Looked inside and found that transformers latest build, 4.57.3 doesn't have Ministral3 model integrated and is present on 5.0.0rc0
So how do I run the model using vLLM?
Detailed logs:
sudo docker run --gpus all -p 8001:8000 --ipc=host vllm/vllm-openai:nightly --model Firworks/Ministral-3-14B-Instruct-2512-nvfp4 --dtype auto --gpu-memory-utilization 0.92 --max-model-len 16000
WARNING 12-20 03:39:20 [argparse_utils.py:195] With `vllm serve`, you should provide the model as a positional argument or in a config file instead of via the `--model` option. The `--model` option will be removed in v0.13.

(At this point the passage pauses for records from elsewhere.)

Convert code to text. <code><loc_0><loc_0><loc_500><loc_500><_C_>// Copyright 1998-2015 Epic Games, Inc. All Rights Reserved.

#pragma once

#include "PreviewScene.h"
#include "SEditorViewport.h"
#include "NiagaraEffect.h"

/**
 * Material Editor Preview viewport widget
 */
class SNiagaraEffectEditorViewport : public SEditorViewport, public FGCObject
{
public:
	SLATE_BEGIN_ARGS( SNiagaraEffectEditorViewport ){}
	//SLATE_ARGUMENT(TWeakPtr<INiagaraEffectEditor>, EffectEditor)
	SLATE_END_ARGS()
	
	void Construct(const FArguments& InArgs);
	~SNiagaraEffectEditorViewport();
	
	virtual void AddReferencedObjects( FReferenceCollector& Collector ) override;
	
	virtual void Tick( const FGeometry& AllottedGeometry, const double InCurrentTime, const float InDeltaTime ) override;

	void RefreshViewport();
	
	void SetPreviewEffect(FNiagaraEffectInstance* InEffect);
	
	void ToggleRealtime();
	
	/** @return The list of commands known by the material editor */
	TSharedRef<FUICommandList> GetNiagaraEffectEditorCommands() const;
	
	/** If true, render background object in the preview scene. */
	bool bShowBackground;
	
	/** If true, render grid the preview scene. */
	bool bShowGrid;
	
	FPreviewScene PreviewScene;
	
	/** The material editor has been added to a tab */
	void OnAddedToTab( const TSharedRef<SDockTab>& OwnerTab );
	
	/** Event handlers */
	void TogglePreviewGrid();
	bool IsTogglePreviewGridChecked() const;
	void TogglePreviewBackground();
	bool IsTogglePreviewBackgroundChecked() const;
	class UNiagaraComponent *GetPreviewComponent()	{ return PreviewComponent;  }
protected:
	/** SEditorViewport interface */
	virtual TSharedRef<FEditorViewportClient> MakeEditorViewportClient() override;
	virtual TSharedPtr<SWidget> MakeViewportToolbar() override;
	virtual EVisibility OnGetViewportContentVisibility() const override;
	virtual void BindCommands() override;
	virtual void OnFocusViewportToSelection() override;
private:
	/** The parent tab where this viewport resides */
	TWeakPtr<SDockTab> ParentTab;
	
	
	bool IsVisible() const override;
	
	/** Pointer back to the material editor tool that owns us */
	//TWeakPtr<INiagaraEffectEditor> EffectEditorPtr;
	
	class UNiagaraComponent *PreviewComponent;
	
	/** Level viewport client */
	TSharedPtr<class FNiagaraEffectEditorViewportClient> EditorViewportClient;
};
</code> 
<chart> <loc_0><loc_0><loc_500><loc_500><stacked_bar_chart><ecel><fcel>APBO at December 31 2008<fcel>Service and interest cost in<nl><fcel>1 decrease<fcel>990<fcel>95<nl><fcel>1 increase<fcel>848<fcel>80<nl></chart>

(APIServer pid=1) INFO 12-20 03:39:20 [api_server.py:1262] vLLM API server version 0.14.0rc1.dev26+gff2168bca
(APIServer pid=1) INFO 12-20 03:39:20 [utils.py:253] non-default args: {'model_tag': 'Firworks/Ministral-3-14B-Instruct-2512-nvfp4', 'model': 'Firworks/Ministral-3-14B-Instruct-2512-nvfp4', 'max_model_len': 16000, 'gpu_memory_utilization': 0.92}
(APIServer pid=1) Traceback (most recent call last):
(APIServer pid=1) File "/usr/local/bin/vllm", line 10, in <module>
(APIServer pid=1) sys.exit(main())
(APIServer pid=1) ^^^^^^
(APIServer pid=1) File "/usr/local/lib/python3.12/dist-packages/vllm/entrypoints/cli/main.py", line 73, in main
(APIServer pid=1) args.dispatch_function(args)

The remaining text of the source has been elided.